[Exercise directions] The answer must be an exact copy of the lines from the one holding "#1 biscuit <box>606,169,639,210</box>" through the final line of the entries, and nothing else.

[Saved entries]

*** Block opens ***

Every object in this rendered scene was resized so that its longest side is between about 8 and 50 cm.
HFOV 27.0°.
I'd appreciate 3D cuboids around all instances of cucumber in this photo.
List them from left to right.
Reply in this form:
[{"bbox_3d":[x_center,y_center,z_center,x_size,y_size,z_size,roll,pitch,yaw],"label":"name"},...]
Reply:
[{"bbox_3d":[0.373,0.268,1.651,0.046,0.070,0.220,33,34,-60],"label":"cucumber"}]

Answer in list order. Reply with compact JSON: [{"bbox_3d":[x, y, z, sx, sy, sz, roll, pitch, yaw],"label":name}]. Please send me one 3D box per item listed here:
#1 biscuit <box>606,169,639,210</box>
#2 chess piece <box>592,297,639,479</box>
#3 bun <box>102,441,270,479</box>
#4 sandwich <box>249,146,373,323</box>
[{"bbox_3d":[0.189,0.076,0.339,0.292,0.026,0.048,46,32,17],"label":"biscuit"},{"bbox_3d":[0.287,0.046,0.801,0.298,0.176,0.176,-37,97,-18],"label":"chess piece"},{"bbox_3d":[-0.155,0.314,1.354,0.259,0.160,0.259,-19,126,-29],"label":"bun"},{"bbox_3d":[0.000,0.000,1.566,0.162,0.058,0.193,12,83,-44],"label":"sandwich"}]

*** Block closes ***

[Answer to this problem]
#1 biscuit <box>606,169,639,210</box>
#2 chess piece <box>592,297,639,479</box>
#3 bun <box>102,441,270,479</box>
#4 sandwich <box>249,146,373,323</box>
[{"bbox_3d":[0.189,0.076,0.339,0.292,0.026,0.048,46,32,17],"label":"biscuit"},{"bbox_3d":[0.287,0.046,0.801,0.298,0.176,0.176,-37,97,-18],"label":"chess piece"},{"bbox_3d":[-0.155,0.314,1.354,0.259,0.160,0.259,-19,126,-29],"label":"bun"},{"bbox_3d":[0.000,0.000,1.566,0.162,0.058,0.193,12,83,-44],"label":"sandwich"}]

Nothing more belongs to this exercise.